Yumi seemed more enthusiastic about it than I was. And yet somehow, this psychic priestess had spoken a hidden thought of mine, something that I had always believed without ever really knowing why. I didn’t bother to spend time worrying or thinking about it, as there was no way for me to know if it would ever actually be true.

All I knew at that time was that I was completely fascinated by recording my dreams and conducting my research, and that was where my true passion was.

I wondered if I might be able to do something with it career-wise later in my life, but I was never quite sure. The words of the priestess did serve as an encouragement for me to continue my work.

In the meantime, my roommate Artie had decided to move off-campus for this semester. But, he didn’t want to lose his meal plan, so he "kept" the room, even though he was never there.

This meant that with no extra charge, I ended up with a "single" in what many people considered to be the "coolest dorm in New Paltz." So, I pushed the two beds together and Yumi and I both spent most of our time living and sleeping there with each other.

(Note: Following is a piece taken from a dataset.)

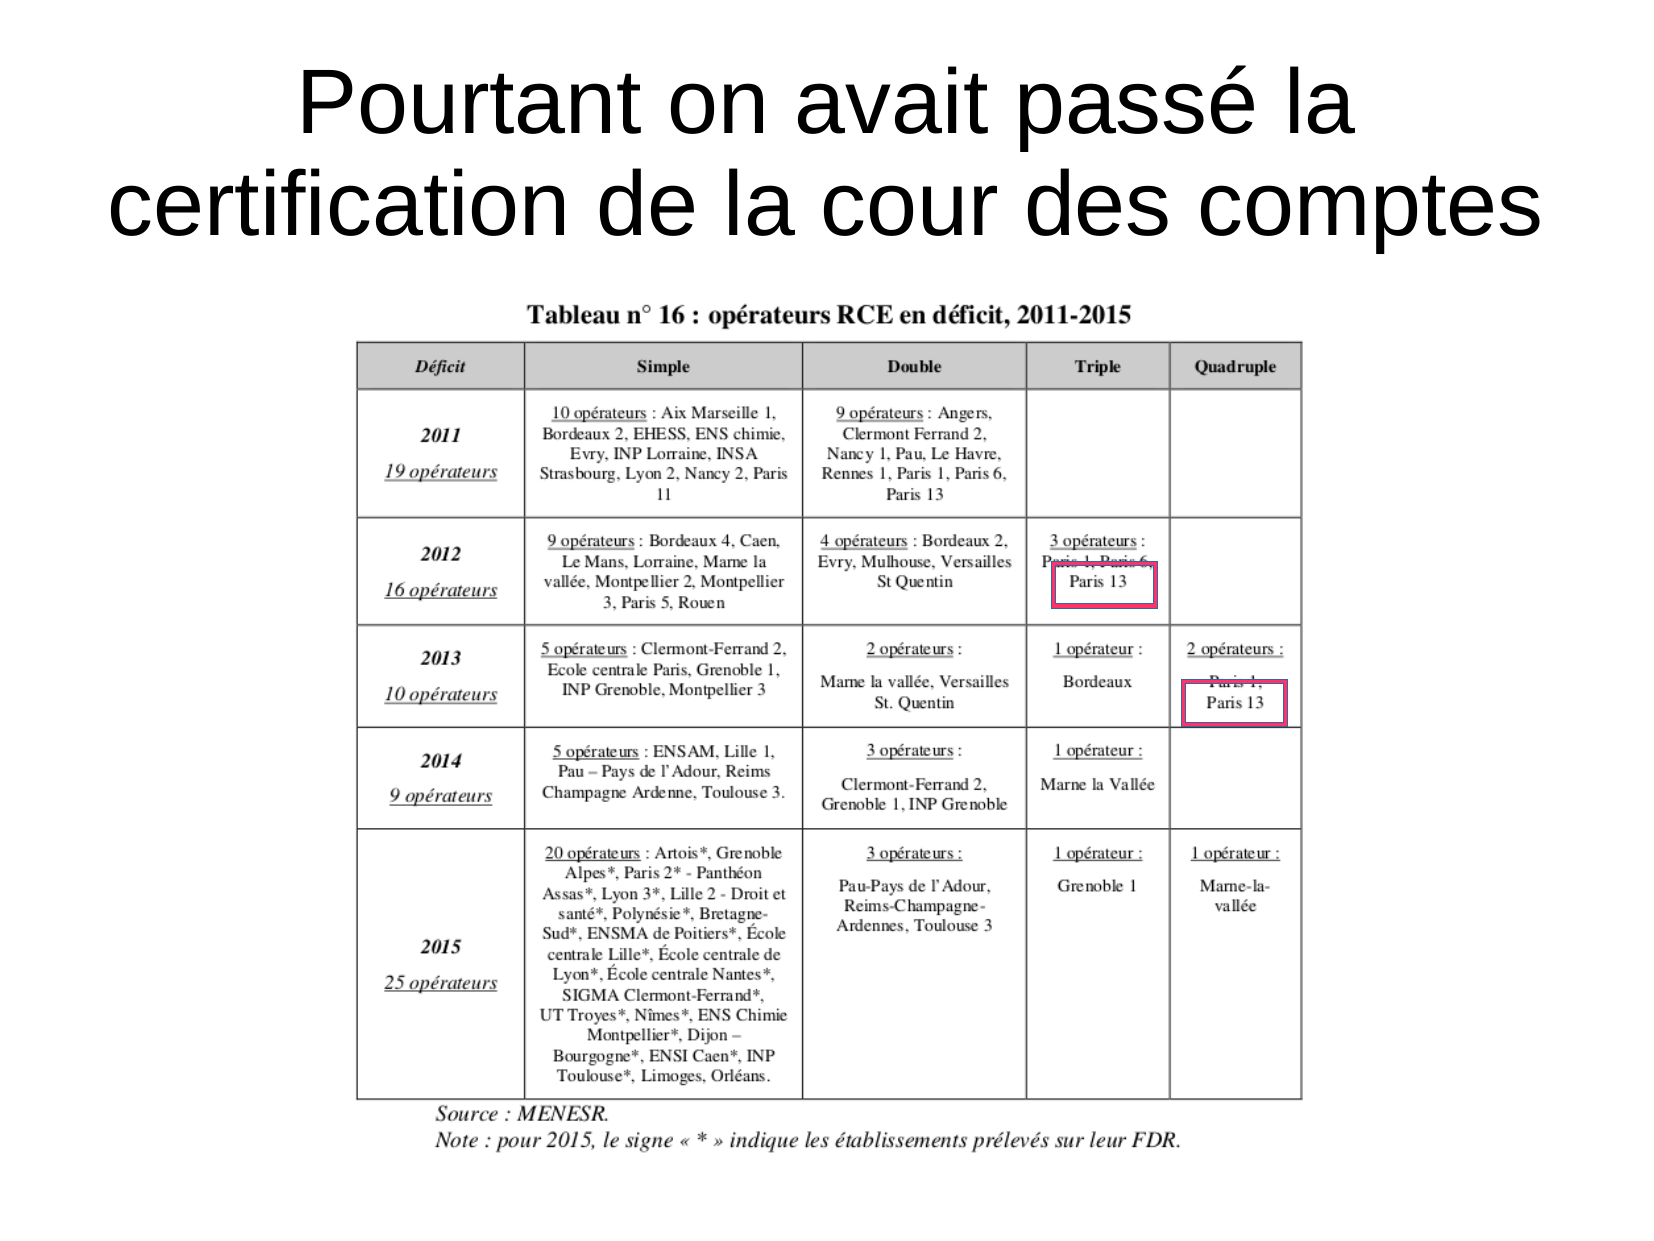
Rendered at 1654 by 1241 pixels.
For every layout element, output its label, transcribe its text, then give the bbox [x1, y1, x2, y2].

This produced an incredible parallel to the continuing increase of my usage of marijuana during those troubled years of my life. We ended up "Doing the F&F," or the "fight and fool around" routine, if you catch my drift.

Our co-dependency was so all-consuming that we were constantly around each other when we were not in class. And yet, on a fundamental level I wanted to break the cycle, so I could get back to my fastidious book-reading endeavors and spend more time with my other friends.